Asa leaves his bedroom, but comes back in less than a minute. He closes the door behind him and walks to the bed, lowering himself beside me. He’s holding something. He leans over me and puts a hand on my knee, spreading my legs open. Then he presses something warm against me. Something wet.

“I want to help with the pain,” he says, his eyes full of concern. “Let me hold this here for a minute or two.”

I nod and relax my legs while he holds the warm washcloth against me. We don’t speak. The whole thing is kind of strange and surreal, and I don’t want to make it even more so with words. I have no idea what to even say right now.

He kisses the top of my knee and then uses the rag to clean me up. “You bled a little,” he says. “It’s okay, it stopped.”

He tosses the rag into the hamper and then moves to lie next to me.
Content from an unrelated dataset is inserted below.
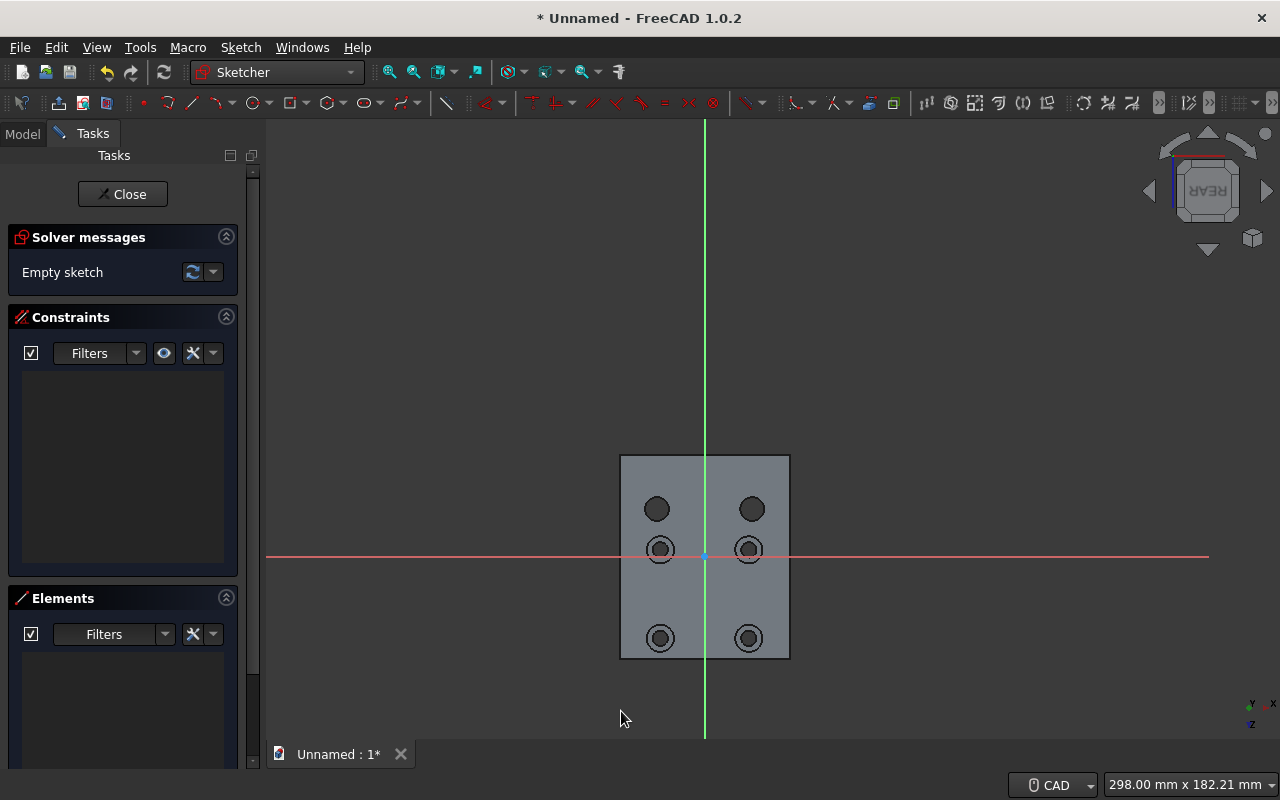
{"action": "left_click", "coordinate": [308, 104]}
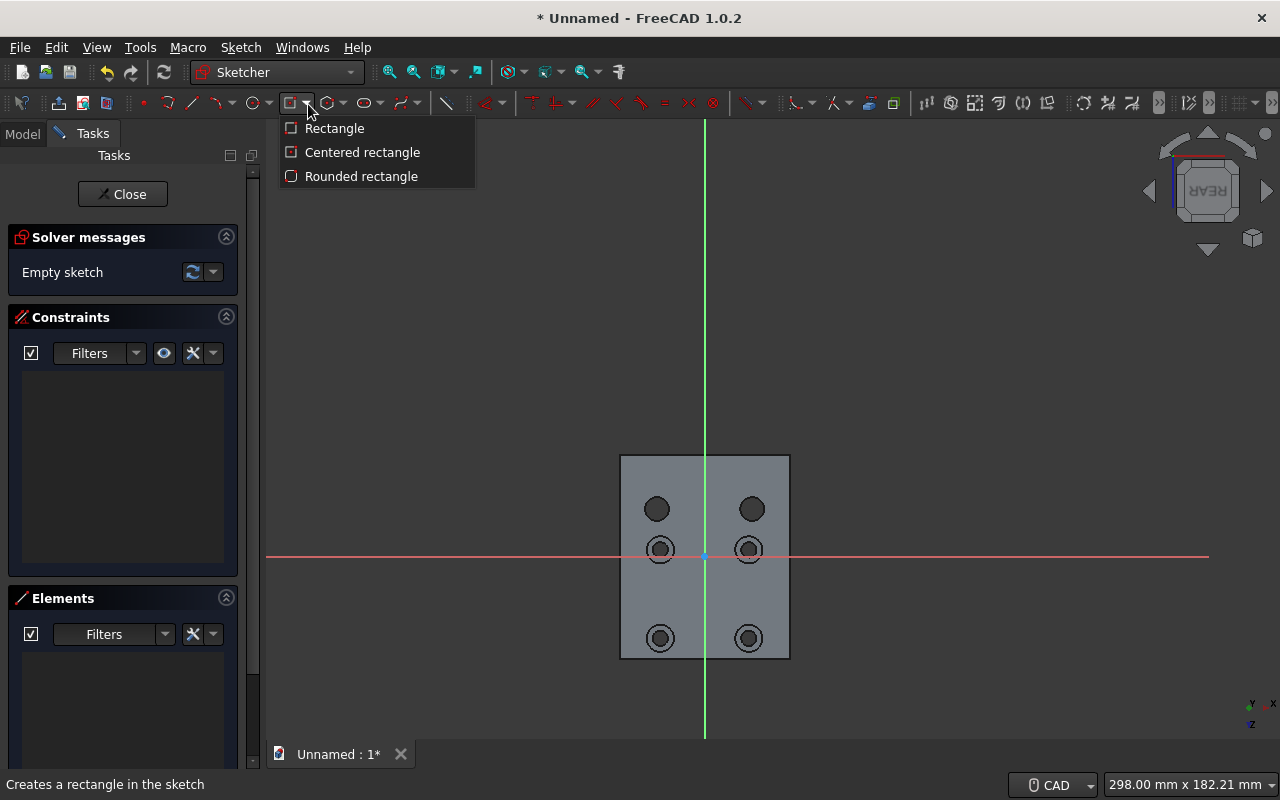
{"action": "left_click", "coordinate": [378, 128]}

He pulls the covers over us and we’re facing each other.

“Did you enjoy it?” he says, brushing a strand of hair from my face.

I don’t want to hurt his feelings, so I lie. “Yes,” I whisper. “It hurt. But I liked it.”

He kisses my cheek. “Well, I loved it.” He wraps his arm over me, his hand cupping my ass. He pulls me against him. “I’ll take you home tomorrow,” he says, wrapping himself around me. “But I hope you stay long enough for me to make you love it. I promise you will. The first time is always the hardest.”

For the next several minutes, his lips meet every part of my neck and shoulder. Never his tongue, though. Just his lips—soft and gentle against my skin. I’ve never felt so delicate. Every time I think he’s asleep and I’m on the verge of it, his lips meet my skin again. It’s like he’s scared to go to sleep for fear that he’ll wake up and this will all have been a dream.

I’m almost asleep again when his mouth presses against my neck, jerking me awake.